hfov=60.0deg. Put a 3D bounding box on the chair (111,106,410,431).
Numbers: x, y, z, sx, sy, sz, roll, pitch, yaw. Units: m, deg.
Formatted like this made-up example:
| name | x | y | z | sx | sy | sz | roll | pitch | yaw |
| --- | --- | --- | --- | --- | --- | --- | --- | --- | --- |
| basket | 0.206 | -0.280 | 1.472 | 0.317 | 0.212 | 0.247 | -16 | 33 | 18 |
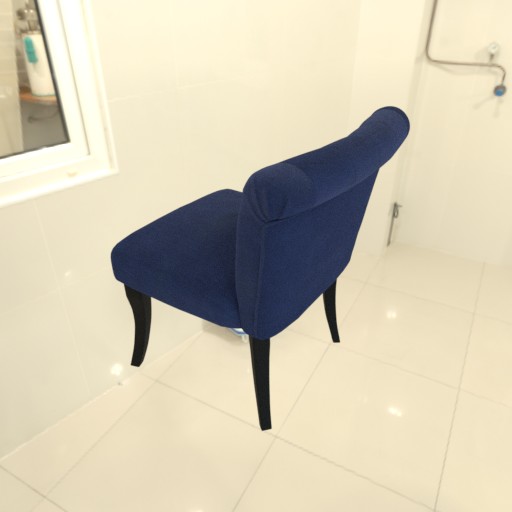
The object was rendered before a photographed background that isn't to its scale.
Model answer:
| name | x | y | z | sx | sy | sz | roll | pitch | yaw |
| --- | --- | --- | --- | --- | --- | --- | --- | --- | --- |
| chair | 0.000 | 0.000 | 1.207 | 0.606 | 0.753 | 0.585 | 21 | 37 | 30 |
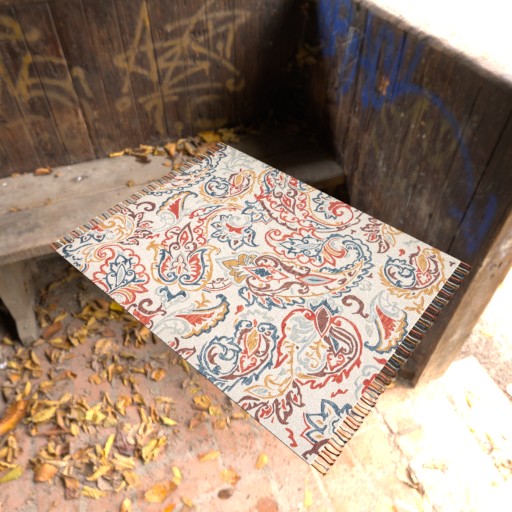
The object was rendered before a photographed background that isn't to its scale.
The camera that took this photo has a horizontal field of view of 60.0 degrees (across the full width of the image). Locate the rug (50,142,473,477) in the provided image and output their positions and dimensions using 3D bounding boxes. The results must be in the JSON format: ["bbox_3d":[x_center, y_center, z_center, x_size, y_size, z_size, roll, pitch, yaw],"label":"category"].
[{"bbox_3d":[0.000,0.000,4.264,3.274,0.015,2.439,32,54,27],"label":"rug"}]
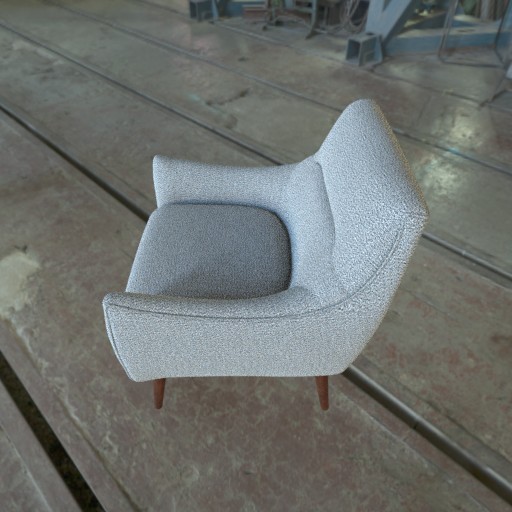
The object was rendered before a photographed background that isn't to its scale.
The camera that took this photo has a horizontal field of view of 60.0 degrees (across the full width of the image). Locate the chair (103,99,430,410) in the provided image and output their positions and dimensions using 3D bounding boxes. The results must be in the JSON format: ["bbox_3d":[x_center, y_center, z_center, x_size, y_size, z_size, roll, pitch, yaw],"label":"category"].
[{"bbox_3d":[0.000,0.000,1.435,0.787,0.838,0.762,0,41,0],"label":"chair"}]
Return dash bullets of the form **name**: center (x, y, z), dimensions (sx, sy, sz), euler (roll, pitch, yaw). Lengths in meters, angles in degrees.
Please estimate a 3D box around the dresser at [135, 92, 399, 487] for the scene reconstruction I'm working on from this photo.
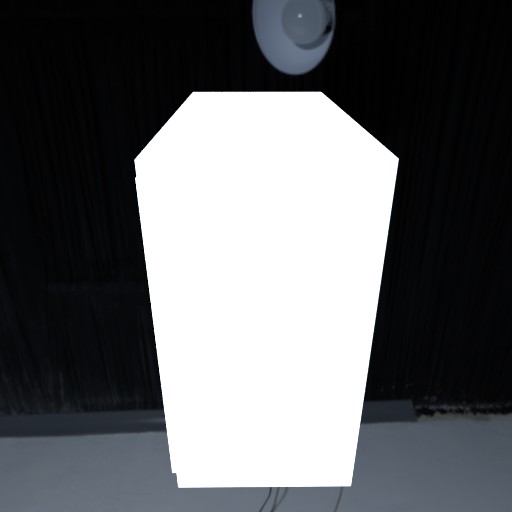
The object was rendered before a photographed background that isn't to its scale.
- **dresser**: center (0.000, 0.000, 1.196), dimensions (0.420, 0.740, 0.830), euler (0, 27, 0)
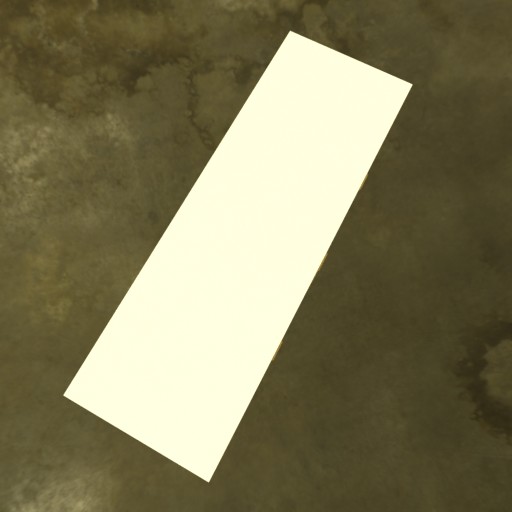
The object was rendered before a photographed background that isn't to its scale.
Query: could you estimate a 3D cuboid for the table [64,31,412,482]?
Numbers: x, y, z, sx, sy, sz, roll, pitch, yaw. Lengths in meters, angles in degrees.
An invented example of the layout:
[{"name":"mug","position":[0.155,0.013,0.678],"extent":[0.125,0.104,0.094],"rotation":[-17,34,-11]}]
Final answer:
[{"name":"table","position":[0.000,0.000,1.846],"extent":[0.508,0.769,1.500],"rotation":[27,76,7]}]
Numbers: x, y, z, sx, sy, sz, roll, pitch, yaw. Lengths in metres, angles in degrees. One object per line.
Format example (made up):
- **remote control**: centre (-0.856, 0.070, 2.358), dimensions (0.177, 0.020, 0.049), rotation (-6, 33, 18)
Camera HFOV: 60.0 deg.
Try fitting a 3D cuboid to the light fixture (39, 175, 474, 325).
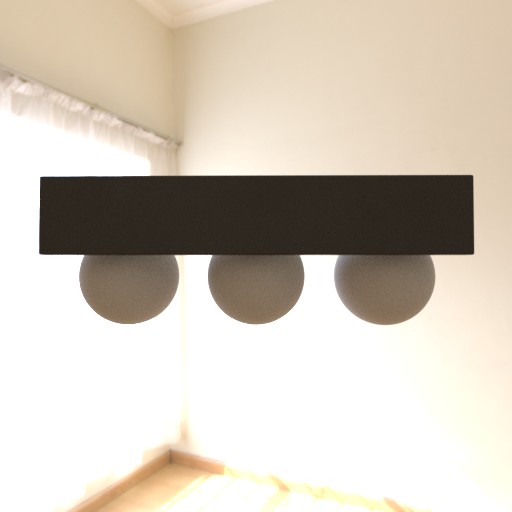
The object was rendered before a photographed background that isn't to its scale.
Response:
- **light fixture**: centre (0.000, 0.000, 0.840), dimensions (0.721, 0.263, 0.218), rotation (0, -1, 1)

==

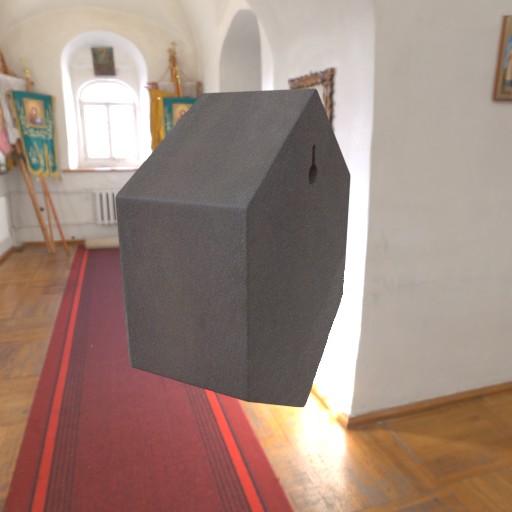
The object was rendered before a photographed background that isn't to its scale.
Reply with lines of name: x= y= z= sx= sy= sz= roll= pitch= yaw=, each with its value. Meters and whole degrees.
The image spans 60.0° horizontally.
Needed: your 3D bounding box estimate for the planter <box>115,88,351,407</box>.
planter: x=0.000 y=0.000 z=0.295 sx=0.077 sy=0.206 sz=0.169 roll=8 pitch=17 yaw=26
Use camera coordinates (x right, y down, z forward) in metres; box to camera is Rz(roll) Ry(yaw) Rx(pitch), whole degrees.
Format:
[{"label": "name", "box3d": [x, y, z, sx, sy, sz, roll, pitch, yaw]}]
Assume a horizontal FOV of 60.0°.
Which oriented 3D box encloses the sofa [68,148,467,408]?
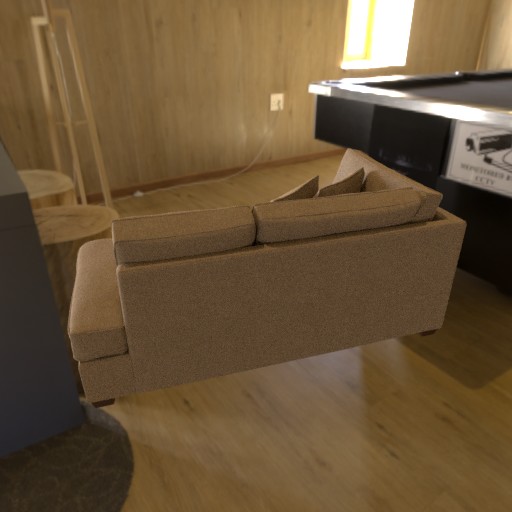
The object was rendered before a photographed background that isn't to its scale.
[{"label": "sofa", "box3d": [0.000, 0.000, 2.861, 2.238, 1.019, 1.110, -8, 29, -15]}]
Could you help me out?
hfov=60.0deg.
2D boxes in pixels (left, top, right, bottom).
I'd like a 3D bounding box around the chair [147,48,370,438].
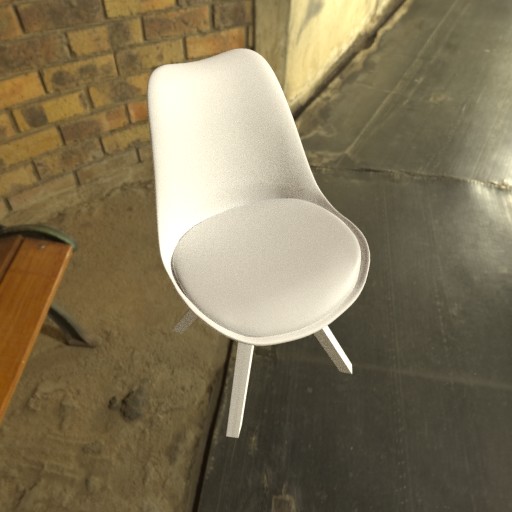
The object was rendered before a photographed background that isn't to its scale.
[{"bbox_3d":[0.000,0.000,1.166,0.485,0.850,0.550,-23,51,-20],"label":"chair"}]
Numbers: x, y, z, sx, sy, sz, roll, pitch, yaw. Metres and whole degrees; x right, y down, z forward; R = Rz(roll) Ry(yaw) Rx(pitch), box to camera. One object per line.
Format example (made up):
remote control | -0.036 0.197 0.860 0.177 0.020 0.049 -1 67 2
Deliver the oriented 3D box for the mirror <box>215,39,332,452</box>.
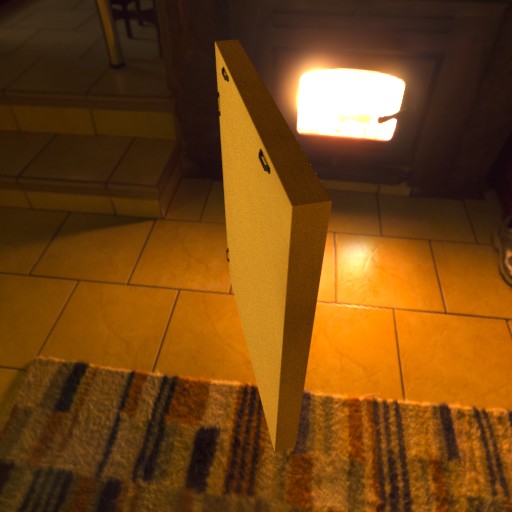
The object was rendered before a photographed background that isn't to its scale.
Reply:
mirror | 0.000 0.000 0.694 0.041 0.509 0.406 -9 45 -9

...

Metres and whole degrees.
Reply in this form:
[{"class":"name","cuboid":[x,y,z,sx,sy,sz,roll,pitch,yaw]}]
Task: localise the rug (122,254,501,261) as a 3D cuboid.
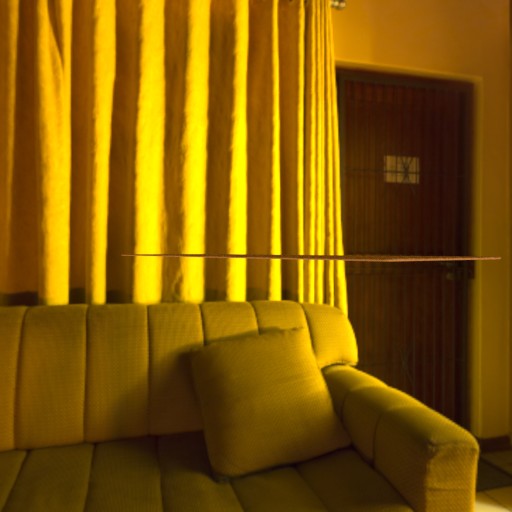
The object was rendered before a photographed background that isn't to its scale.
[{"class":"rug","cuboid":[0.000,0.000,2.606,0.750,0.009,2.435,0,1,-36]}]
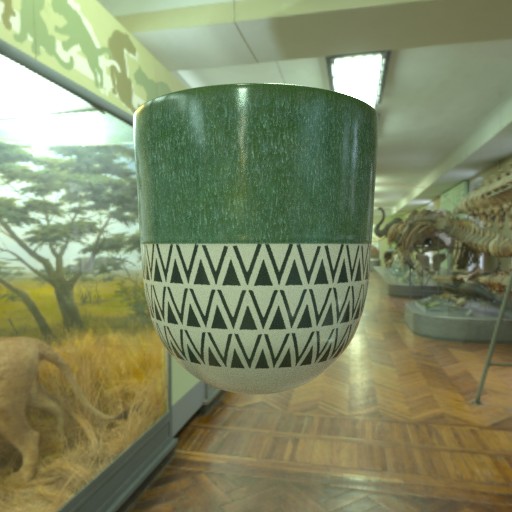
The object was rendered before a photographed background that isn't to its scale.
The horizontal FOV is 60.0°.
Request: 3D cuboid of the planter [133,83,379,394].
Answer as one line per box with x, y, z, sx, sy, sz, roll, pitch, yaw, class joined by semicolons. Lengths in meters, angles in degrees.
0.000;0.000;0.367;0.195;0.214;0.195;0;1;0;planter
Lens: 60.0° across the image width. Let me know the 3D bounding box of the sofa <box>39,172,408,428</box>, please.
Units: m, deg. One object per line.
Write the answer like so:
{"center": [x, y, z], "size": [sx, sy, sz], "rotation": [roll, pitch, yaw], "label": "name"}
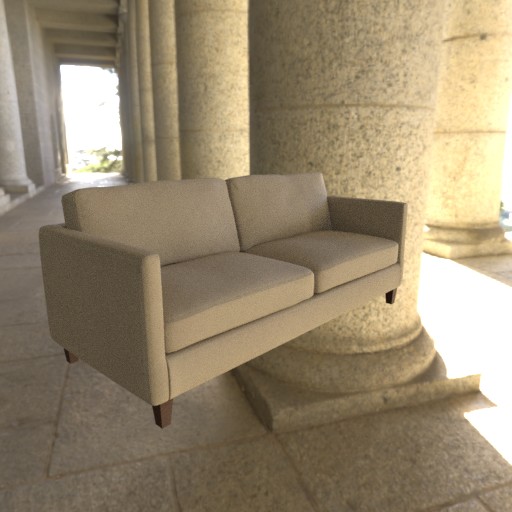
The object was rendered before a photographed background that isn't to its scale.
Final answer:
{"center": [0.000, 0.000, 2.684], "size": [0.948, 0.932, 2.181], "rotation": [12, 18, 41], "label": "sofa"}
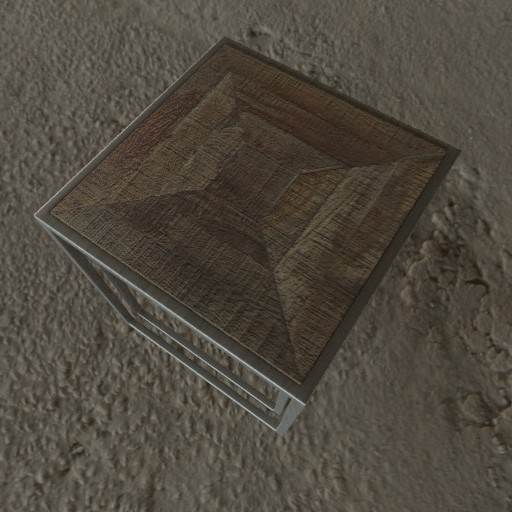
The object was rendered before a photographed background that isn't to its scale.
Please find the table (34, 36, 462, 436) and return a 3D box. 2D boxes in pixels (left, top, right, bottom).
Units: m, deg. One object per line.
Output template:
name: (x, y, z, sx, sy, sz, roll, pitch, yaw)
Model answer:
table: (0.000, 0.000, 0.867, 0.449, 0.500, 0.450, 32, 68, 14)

## Goal of the exercise:
From the records, copy out each line that includes the string "bottom".

## Expected answer:
2D boxes in pixels (left, top, right, bottom).
Please find the table (34, 36, 462, 436) and return a 3D box. 2D boxes in pixels (left, top, right, bottom).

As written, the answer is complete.